**PROBLEM:** Go through the records below and show every line with the string "shown".

╭─ RECORDED DATA

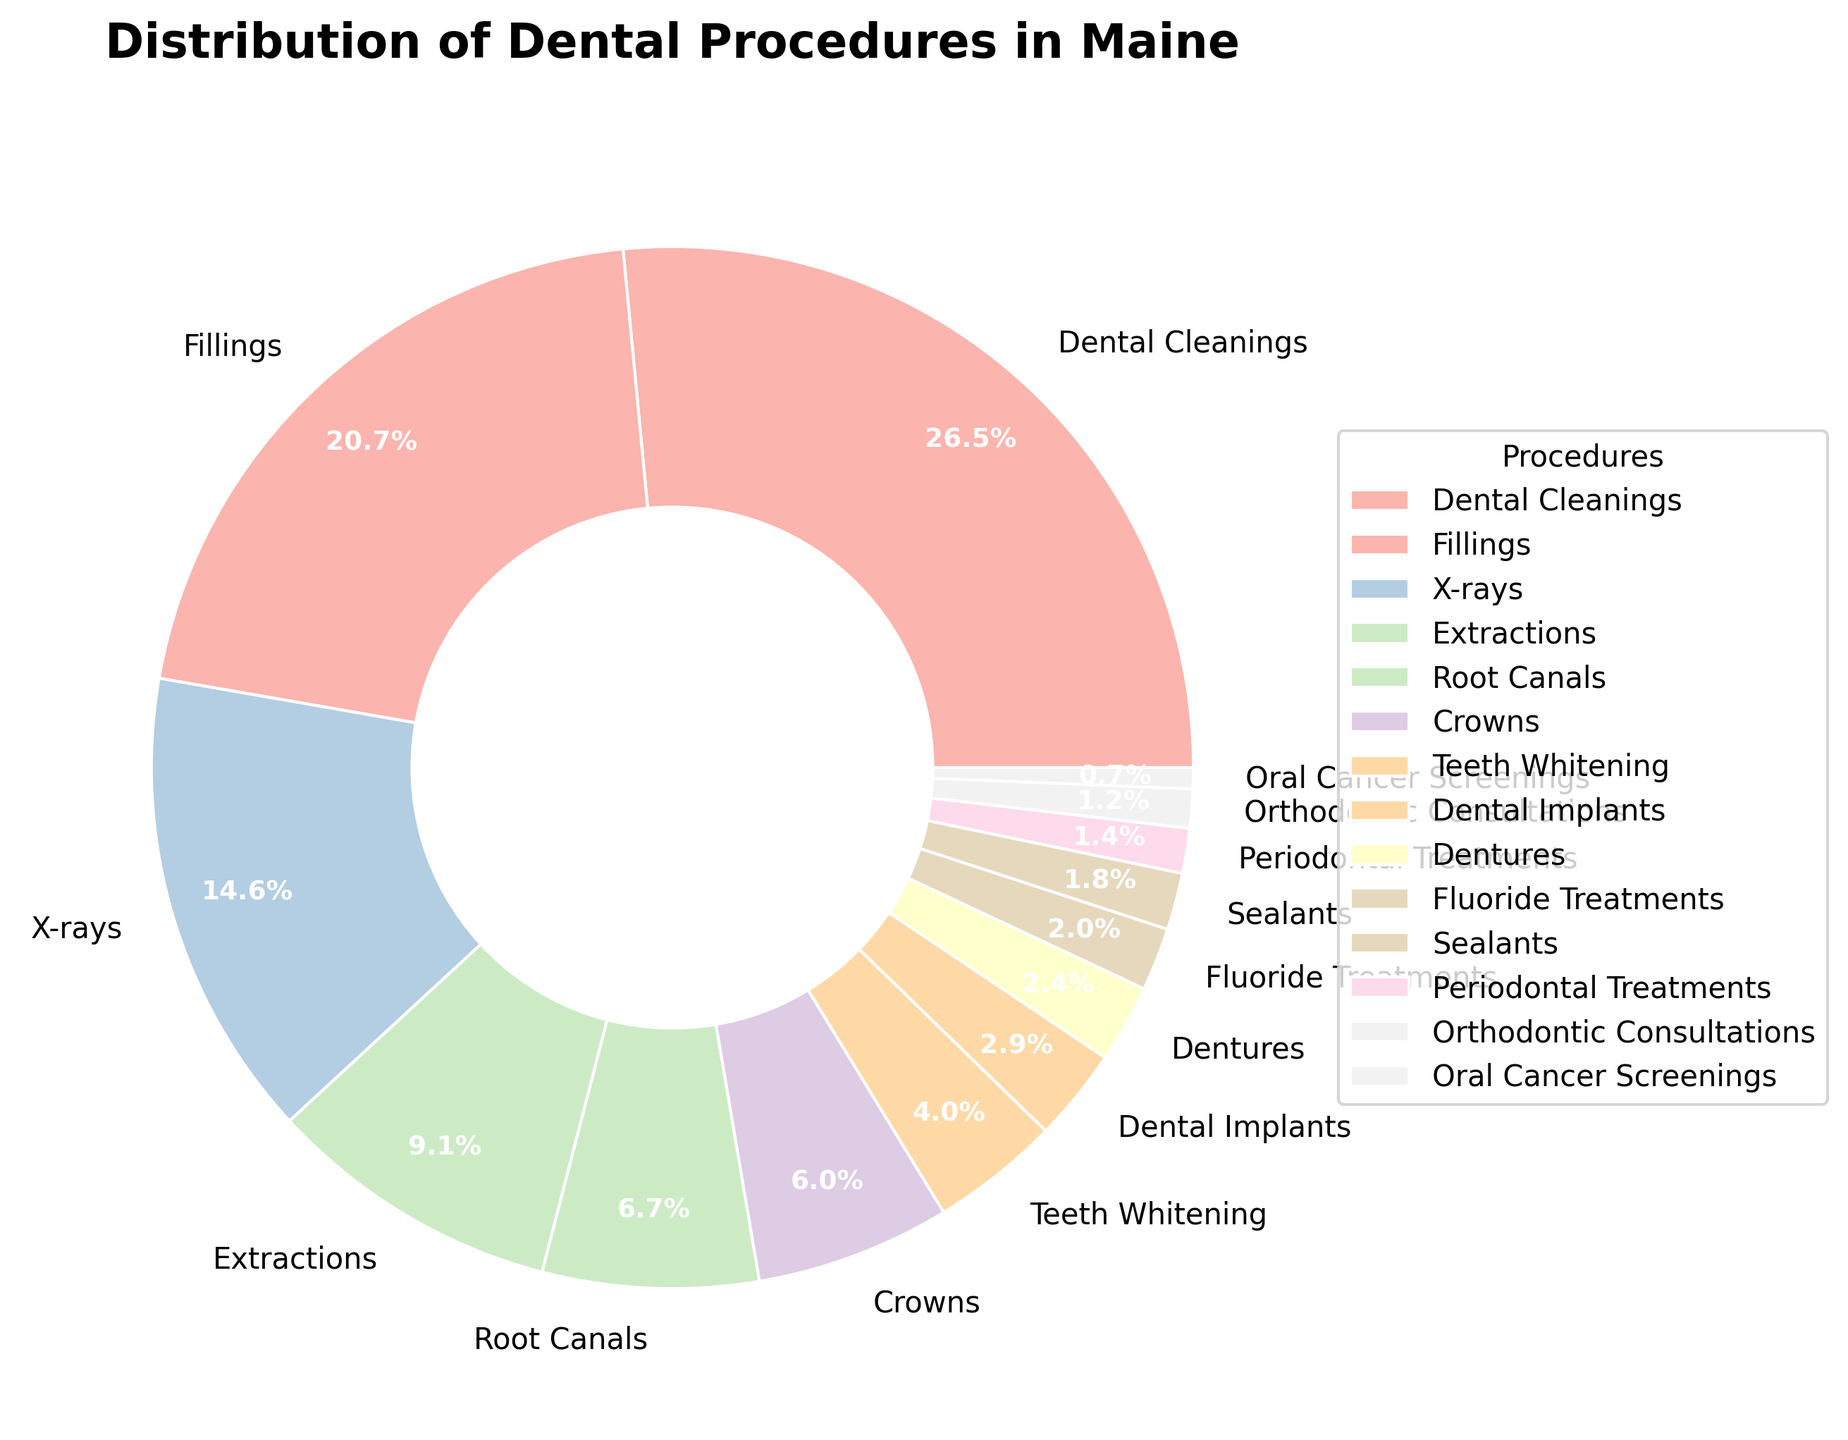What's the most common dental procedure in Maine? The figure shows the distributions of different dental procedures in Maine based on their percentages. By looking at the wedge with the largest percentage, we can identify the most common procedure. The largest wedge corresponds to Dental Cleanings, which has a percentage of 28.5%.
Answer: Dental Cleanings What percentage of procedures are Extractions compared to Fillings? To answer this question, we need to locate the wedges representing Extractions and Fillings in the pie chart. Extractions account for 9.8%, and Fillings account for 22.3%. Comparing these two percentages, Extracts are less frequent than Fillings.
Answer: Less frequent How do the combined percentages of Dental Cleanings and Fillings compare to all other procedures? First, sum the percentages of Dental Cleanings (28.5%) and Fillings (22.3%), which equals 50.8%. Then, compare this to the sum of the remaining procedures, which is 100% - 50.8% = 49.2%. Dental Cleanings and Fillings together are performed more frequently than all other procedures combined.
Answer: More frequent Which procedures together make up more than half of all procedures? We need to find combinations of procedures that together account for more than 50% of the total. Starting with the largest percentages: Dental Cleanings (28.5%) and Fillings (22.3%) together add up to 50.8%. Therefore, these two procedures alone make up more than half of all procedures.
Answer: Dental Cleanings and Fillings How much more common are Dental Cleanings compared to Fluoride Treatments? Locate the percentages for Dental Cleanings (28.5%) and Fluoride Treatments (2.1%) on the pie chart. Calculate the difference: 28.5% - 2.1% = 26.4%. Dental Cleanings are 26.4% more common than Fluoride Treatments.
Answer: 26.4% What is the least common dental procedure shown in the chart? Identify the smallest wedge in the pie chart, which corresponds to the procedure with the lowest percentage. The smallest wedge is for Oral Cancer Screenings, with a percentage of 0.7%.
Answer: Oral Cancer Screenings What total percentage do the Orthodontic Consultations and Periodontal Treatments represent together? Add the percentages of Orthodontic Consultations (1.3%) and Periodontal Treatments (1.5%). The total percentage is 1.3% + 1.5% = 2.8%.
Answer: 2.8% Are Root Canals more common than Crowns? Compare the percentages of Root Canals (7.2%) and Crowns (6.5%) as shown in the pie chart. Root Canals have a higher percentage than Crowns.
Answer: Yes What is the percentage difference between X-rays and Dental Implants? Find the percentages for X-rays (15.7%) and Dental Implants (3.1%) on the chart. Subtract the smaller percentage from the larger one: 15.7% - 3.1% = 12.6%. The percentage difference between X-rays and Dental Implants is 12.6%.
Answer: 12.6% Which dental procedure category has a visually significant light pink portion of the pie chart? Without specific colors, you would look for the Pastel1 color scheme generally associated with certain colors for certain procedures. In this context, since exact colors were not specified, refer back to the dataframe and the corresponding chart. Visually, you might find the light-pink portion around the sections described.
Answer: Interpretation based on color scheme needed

╰─

**COMPLETED TASK:**
Answer: 26.4% What is the least common dental procedure shown in the chart? Identify the smallest wedge in the pie chart, which corresponds to the procedure with the lowest percentage. The smallest wedge is for Oral Cancer Screenings, with a percentage of 0.7%.
Answer: 2.8% Are Root Canals more common than Crowns? Compare the percentages of Root Canals (7.2%) and Crowns (6.5%) as shown in the pie chart. Root Canals have a higher percentage than Crowns.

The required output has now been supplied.